民放ローカル局の現在地と存在意義とは? TVerと共存していく道のりを考える @メ環研の部屋

テレビをとりまく環境は、TVerなどの見逃し配信の普及によってますます大きな変化の波にさらされています。なかでも、影響を受けていると言われているのがローカル局(地方テレビ局)です。ローカル局は、都市圏のテレビ局が制作した番組を地元住民にも見られるようにすることが大きな役割の一つでもあります。TVerを通して、好きな場所・好きなタイミングで全国の番組を見られるようになった今、ローカル局のメディアとしての存在意義とは何なのでしょうか?

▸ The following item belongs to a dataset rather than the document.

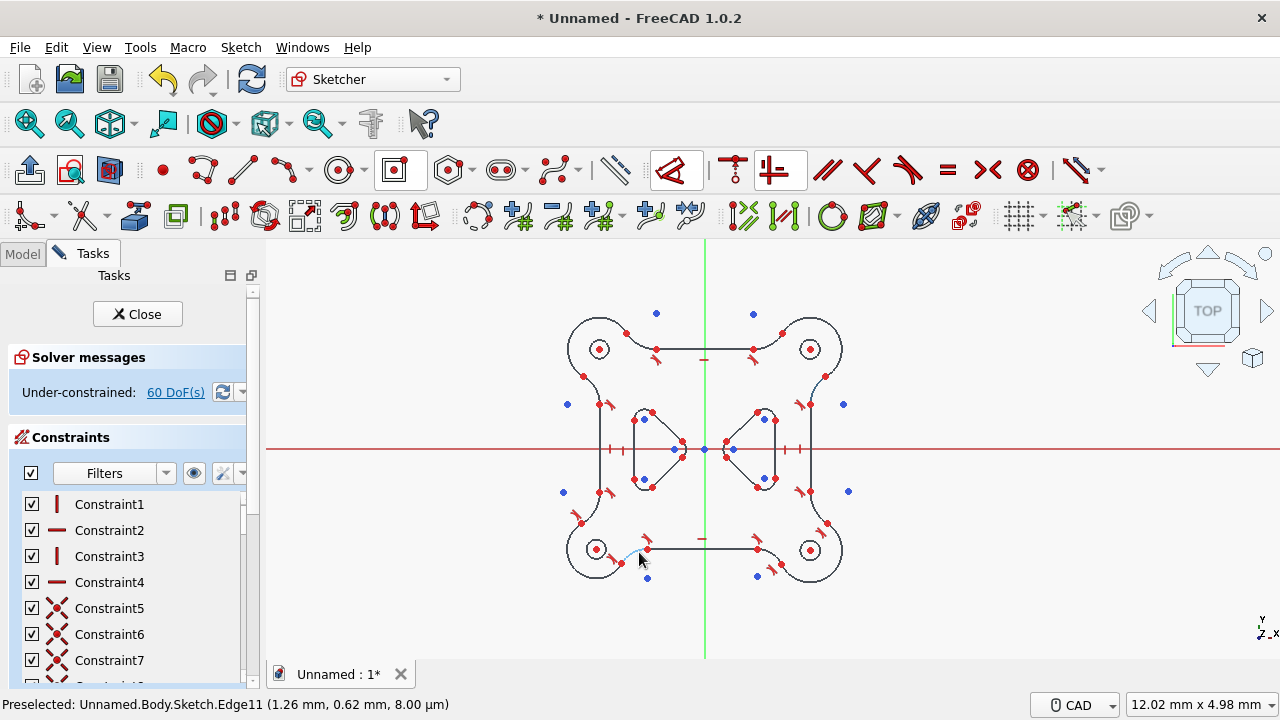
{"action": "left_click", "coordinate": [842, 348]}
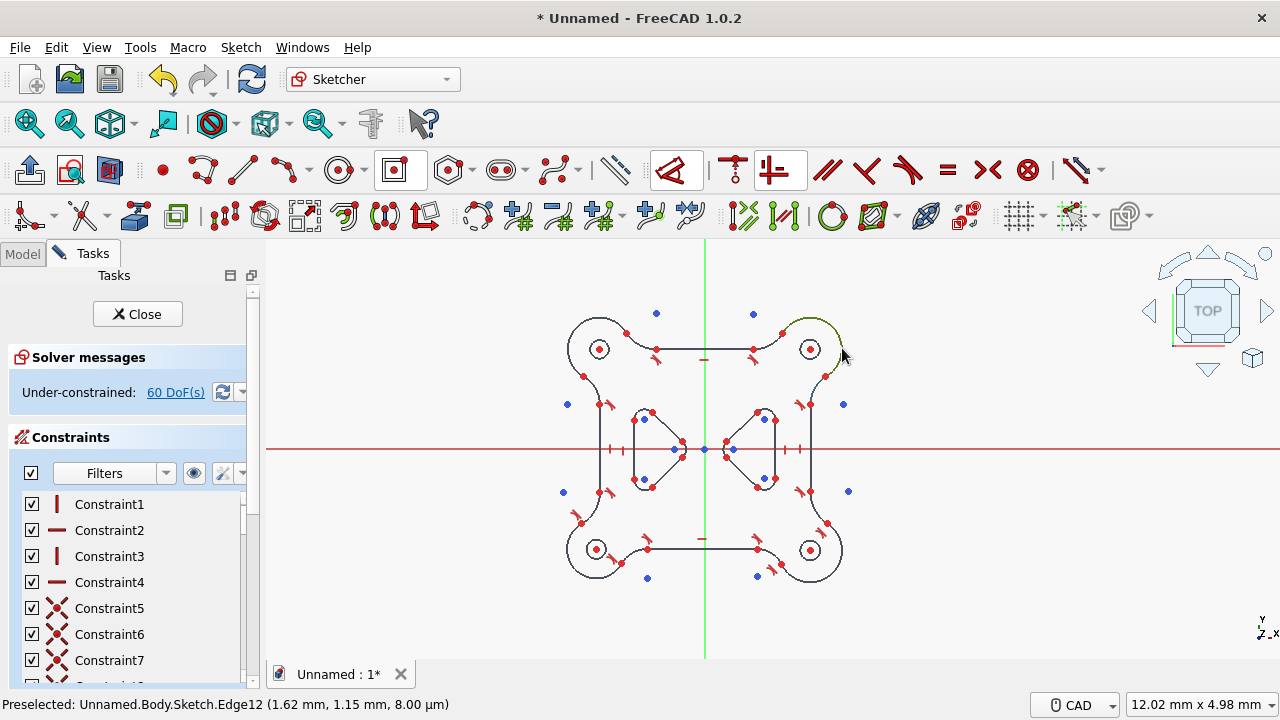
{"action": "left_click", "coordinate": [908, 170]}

今回のメ環研の部屋ではローカル局に焦点を当て、大きな変化の波の中で今後求められることを探っていきました。ゲストスピーカーはウェブメディア『ビジネス+IT』にて「ローカル局がTVerにない価値を作るための課題」「生き残り策」「再編と統廃合」をテーマにローカル局の現在地と本音を取材したライターの稲田豊史さん、そしてTVer取締役の須賀久彌さん。モデレーターはメディア環境研究所の森永真弓上席研究員です。

稲田豊史
ライター・編集者
1997年、映像配給会社ギャガ・コミュニケーションズ(現ギャガ)に入社。その後、キネマ旬報社でDVD業界誌編集長、書籍編集者を経て2013年に独立。著書に『映画を早送りで観る人たち ファスト映画・ネタバレ――コンテンツ消費の現在形』(光文社)、『ぼくたちの離婚』(角川新書)、『「こち亀」社会論 超一級の文化史料を読み解く』(イースト・プレス)、『ポテトチップスと日本人 人生に寄り添う国民食の誕生』(朝日新書)など。「現代ビジネス」「ビジネス+IT」「DVD&動画配信でーた」「クイック・ジャパン ウェブ」などで執筆。
須賀久彌
TVer取締役 事業戦略担当
1996年、株式会社電通入社。データ放送事業、放送局担当などを経て、2006年に株式会社TVerの前身となる株式会社プレゼントキャストに出向。2008年代表取締役社長に就任。TVerの立ち上げに携わる。2018年電通へ帰任後、2020年に再出向して現職。
森永上席研究員
森永真弓
博報堂DYメディアパートナーズ メディア環境研究所 上席研究員
通信会社を経て博報堂に入社し現在に至る。コンテンツやコミュニケーションの名脇役としてのデジタル活用を構想構築する裏方請負人。テクノロジー、ネットヘビーユーザー、オタク文化研究などをテーマにしたメディア出演や執筆活動も行っている。自称「なけなしの精神力でコミュ障を打開する引きこもらない方のオタク」。WOMマーケティング協議会理事。著作に『欲望で捉えるデジタルマーケティング史』『グルメサイトで★★★(ホシ3つ)の店は、本当に美味しいのか(共著)』がある。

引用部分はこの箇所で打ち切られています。